Annihilation

Annihilation

Movie review by Greg Carlson

Considerably less accessible than his directorial debut “Ex Machina,” veteran writer Alex Garland’s “Annihilation” very loosely adapts Jeff VanderMeer’s novel into a demanding thought experiment bound to frustrate viewers counting on some of the trailer’s promise and premise. As multiple critics have pointed out, the new film owes a thematic debt to Andrei Tarkovsky’s “Stalker,” a movie that Alissa Wilkinson suggests is, like “Annihilation,” about the “complicated nature of desire.” More precisely, Wilkinson claims, “What we truly desire… is what will ultimately take us apart from the inside.” That concept certainly drives a viable reading of “Annihilation,” though its success or failure resides within the eye of the beholder.

A bookend device communicates to the viewer the information that Natalie Portman’s soldier-turned-academic(!) Lena has survived an incredible and inexplicable ordeal within the Shimmer, a time-bending, DNA-blending, electronic device-resisting, magnetic field-defying region within an energy “curtain.” Flashbacks fill in the rest: Lena’s husband Kane (Oscar Isaac) returned home after a protracted absence within the Shimmer, and his trauma compelled Lena to volunteer with Jennifer Jason Leigh’s Dr. Ventress to seek answers on a new mission into the weird territory.

Ventress and Lena are joined by physicist Radek (Tessa Thompson), paramedic Thorensen (Gina Rodriguez), and anthropologist Shepherd (Tuva Novotny).
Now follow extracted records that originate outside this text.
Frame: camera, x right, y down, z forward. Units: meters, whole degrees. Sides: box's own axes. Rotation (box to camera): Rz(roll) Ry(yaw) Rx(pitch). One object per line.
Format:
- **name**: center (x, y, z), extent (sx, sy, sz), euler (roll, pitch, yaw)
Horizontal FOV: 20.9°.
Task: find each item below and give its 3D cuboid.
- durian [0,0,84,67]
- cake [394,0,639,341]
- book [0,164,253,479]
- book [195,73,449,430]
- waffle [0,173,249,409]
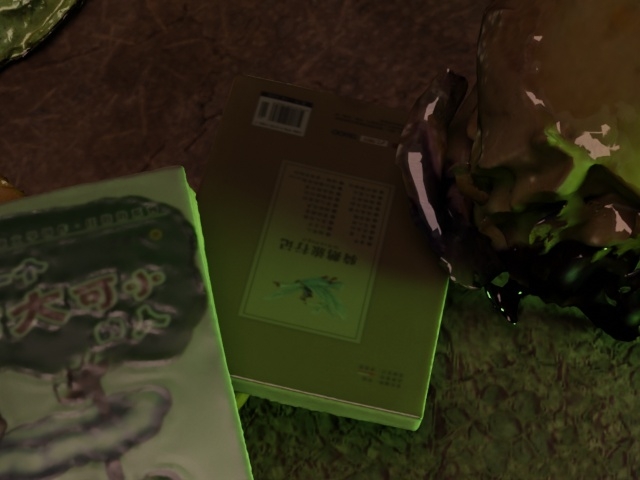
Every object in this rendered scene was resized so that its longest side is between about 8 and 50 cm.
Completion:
- **durian**: center (-0.355, -0.228, 1.548), extent (0.394, 0.163, 0.198), euler (-36, 67, -18)
- **cake**: center (0.239, -0.069, 1.341), extent (0.321, 0.332, 0.332), euler (-51, 61, 24)
- **book**: center (-0.186, 0.132, 1.250), extent (0.260, 0.043, 0.371), euler (-13, 62, -3)
- **book**: center (0.000, 0.000, 1.393), extent (0.217, 0.021, 0.310), euler (13, 51, 2)
- **waffle**: center (-0.238, 0.093, 1.398), extent (0.327, 0.098, 0.224), euler (35, 71, 21)

Lena’s relationship to Kane is withheld from the new team members in a questionable ploy that makes little narrative sense beyond functioning as a moment of manufactured conflict provided by its eventual and inevitable disclosure. Both the emphasis on Lena’s primacy as key protagonist and the presentation of the Shimmer’s wide variety of effects — from rainbow-colored flora and fauna to stomach-churning gore — reduce the overall effectiveness of the supporting characters.   

Despite the familiarity of the pick ‘em off sequencing associated with “And Then There Were None,” “Alien,” “The Thing,” and dozens of lesser examples, Garland can be commended for resisting the more conventional pace of recent, less-effective genre sibling “The Cloverfield Paradox,” even if the action-horror highpoint of “Annihilation” is a j’accuse confrontation that introduces a terrifying hybrid certain to provide nightmare fuel to people who get seriously creeped out by the kind of unholy mergers glimpsed in “Pinocchio” and the 1978 version of “Invasion of the Body Snatchers.”        

The filmmaker’s commitment to a more cerebral and abstract investigation of the death instinct/todestrieb comes at the expense of rich characterization — especially outside Lena, and “Annihilation” arguably would have been improved through a more deliberate exploration of the reasons why each woman is drawn toward her personal impulse to self-destruction. The final sequences, despite Garland’s bold, CGI-aided trippiness, are simply no match for anything in “Under the Skin” or “Arrival,” a pair of films that have already popped up several times in writings and conversations on “Annihilation.”   

Sexual desire, and the aching longing for physical intimacy in the absence of one’s partner, form an intriguing motif contained within the flashbacks, but curiously given the time spent on the set-up, Garland omits a deeper or more rigorous examination. That choice diminishes certain aspects of Lena and Kane’s connection to the Shimmer and to one another, especially in light of the film’s ambiguous conclusion.